■ DATA PROVIDED
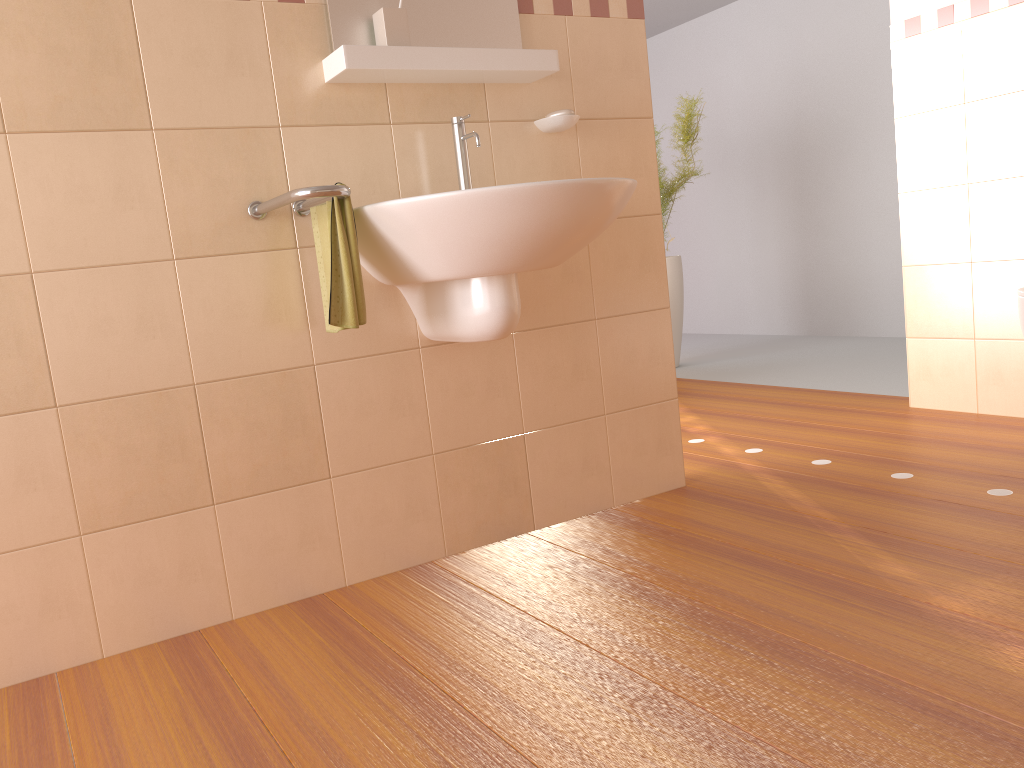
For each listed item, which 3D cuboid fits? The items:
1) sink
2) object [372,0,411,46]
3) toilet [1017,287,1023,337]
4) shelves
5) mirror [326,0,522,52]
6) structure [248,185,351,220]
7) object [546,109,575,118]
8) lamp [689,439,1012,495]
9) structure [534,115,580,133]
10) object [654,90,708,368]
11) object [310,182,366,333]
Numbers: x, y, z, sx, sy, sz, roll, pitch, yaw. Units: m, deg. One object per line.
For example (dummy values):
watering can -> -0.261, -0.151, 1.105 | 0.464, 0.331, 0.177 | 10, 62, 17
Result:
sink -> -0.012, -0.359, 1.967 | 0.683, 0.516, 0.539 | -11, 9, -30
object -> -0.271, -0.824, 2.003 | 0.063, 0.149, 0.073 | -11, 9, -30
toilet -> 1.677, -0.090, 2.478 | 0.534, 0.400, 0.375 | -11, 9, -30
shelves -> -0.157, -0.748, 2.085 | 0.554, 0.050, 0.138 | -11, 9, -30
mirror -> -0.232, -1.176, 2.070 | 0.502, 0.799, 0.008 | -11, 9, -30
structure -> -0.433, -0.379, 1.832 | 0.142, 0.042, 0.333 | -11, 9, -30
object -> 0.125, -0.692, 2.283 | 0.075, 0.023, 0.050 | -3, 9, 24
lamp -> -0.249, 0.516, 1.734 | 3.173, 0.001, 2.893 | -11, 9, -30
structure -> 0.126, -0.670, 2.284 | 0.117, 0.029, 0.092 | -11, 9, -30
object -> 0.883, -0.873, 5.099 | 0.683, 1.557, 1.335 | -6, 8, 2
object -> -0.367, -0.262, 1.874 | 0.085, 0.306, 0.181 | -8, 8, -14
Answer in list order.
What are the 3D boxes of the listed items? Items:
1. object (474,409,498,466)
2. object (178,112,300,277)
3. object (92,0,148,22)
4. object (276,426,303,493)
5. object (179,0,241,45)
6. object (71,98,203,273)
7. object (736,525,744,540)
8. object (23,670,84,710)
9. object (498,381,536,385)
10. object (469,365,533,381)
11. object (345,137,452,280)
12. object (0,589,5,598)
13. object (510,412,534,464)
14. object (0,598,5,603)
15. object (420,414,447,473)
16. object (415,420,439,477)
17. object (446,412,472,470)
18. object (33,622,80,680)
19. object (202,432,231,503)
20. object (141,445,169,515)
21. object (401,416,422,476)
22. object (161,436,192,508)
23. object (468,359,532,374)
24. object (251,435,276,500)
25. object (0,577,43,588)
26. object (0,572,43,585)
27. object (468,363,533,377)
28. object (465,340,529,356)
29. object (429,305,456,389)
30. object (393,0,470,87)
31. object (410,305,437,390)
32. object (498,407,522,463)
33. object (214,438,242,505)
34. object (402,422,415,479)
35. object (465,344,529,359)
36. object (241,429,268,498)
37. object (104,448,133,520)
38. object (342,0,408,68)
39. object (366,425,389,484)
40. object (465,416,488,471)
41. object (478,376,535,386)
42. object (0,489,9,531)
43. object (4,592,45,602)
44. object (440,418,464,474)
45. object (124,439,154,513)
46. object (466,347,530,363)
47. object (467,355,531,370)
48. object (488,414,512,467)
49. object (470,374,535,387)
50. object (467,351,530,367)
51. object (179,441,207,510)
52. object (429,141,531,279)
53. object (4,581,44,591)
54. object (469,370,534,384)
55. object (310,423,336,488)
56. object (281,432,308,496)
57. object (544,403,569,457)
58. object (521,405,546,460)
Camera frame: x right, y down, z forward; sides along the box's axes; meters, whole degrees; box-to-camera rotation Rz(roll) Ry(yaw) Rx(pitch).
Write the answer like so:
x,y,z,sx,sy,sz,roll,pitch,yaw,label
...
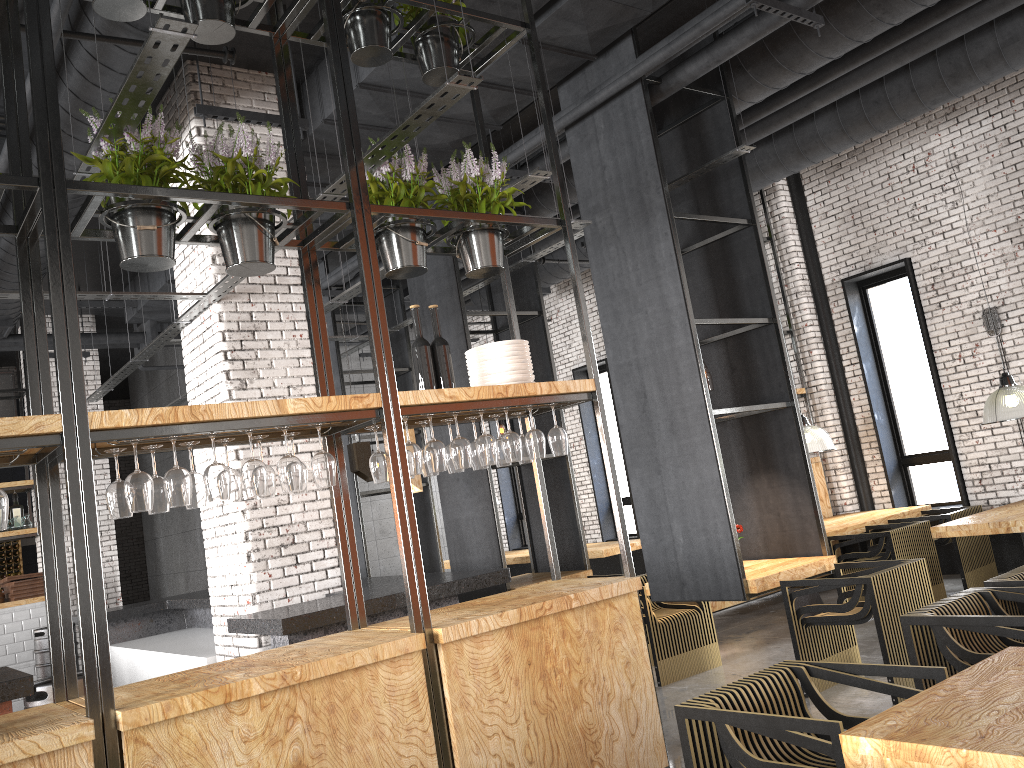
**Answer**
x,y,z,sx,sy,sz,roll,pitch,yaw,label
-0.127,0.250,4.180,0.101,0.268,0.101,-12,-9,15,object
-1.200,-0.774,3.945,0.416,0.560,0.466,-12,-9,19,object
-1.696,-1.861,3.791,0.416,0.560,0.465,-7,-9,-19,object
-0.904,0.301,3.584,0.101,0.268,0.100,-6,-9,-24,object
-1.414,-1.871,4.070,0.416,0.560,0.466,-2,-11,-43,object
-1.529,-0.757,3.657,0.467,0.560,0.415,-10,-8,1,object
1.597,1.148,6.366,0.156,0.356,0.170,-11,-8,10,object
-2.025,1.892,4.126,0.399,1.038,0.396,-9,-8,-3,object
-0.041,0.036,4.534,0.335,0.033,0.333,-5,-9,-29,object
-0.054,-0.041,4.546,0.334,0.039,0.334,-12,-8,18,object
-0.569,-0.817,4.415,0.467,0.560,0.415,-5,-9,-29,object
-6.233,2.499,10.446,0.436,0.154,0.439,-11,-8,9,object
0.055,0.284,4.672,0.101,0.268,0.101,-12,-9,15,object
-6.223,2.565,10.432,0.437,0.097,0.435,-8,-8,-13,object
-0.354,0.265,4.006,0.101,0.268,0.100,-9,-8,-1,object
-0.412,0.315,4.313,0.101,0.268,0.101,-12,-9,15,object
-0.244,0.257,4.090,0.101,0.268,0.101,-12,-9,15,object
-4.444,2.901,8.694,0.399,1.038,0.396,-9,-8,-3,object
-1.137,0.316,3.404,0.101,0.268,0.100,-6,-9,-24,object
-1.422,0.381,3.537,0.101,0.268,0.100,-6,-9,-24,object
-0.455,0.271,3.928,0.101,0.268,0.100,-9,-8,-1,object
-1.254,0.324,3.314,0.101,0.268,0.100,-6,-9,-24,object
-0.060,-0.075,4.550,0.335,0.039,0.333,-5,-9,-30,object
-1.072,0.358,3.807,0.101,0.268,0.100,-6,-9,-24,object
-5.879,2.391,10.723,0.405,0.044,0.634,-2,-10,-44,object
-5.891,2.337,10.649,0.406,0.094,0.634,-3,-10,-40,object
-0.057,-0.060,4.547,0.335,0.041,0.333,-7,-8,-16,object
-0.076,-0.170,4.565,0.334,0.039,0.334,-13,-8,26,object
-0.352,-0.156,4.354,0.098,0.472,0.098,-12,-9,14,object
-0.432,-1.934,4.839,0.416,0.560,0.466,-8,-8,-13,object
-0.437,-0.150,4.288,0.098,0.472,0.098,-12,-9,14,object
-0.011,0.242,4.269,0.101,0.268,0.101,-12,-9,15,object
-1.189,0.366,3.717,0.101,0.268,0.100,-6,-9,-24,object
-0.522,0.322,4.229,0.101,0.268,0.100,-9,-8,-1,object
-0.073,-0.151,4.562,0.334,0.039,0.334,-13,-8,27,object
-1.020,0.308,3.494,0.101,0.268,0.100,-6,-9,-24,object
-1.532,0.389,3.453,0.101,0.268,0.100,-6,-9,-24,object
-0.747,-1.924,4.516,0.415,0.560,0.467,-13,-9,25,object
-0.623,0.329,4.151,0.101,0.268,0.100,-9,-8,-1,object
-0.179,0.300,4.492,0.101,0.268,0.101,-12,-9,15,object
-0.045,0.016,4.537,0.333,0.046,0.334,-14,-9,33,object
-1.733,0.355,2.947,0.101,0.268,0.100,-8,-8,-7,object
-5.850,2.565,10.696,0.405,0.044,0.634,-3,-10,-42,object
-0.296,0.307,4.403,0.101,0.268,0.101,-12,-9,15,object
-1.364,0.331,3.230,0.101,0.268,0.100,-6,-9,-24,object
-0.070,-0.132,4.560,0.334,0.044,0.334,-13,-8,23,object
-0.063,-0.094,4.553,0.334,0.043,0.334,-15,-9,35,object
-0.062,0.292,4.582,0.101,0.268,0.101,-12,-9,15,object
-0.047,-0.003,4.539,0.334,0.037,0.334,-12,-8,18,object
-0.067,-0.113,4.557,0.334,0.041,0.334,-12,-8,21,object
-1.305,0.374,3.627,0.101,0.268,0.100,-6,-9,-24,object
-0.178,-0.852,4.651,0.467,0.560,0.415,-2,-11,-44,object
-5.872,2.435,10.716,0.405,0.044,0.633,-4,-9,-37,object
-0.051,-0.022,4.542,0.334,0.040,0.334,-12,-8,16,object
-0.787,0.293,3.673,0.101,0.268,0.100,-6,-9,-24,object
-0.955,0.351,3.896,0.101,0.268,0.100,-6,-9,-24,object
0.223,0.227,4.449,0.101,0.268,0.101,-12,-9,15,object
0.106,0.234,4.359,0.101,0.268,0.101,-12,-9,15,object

■ WORK ITEM
Reproduce exactly the section above that begins at the line containing "7. object (736,525,744,540)" and ends at the line containing "26. object (0,572,43,585)", leaving out all other lines.

■ RESPONSE
7. object (736,525,744,540)
8. object (23,670,84,710)
9. object (498,381,536,385)
10. object (469,365,533,381)
11. object (345,137,452,280)
12. object (0,589,5,598)
13. object (510,412,534,464)
14. object (0,598,5,603)
15. object (420,414,447,473)
16. object (415,420,439,477)
17. object (446,412,472,470)
18. object (33,622,80,680)
19. object (202,432,231,503)
20. object (141,445,169,515)
21. object (401,416,422,476)
22. object (161,436,192,508)
23. object (468,359,532,374)
24. object (251,435,276,500)
25. object (0,577,43,588)
26. object (0,572,43,585)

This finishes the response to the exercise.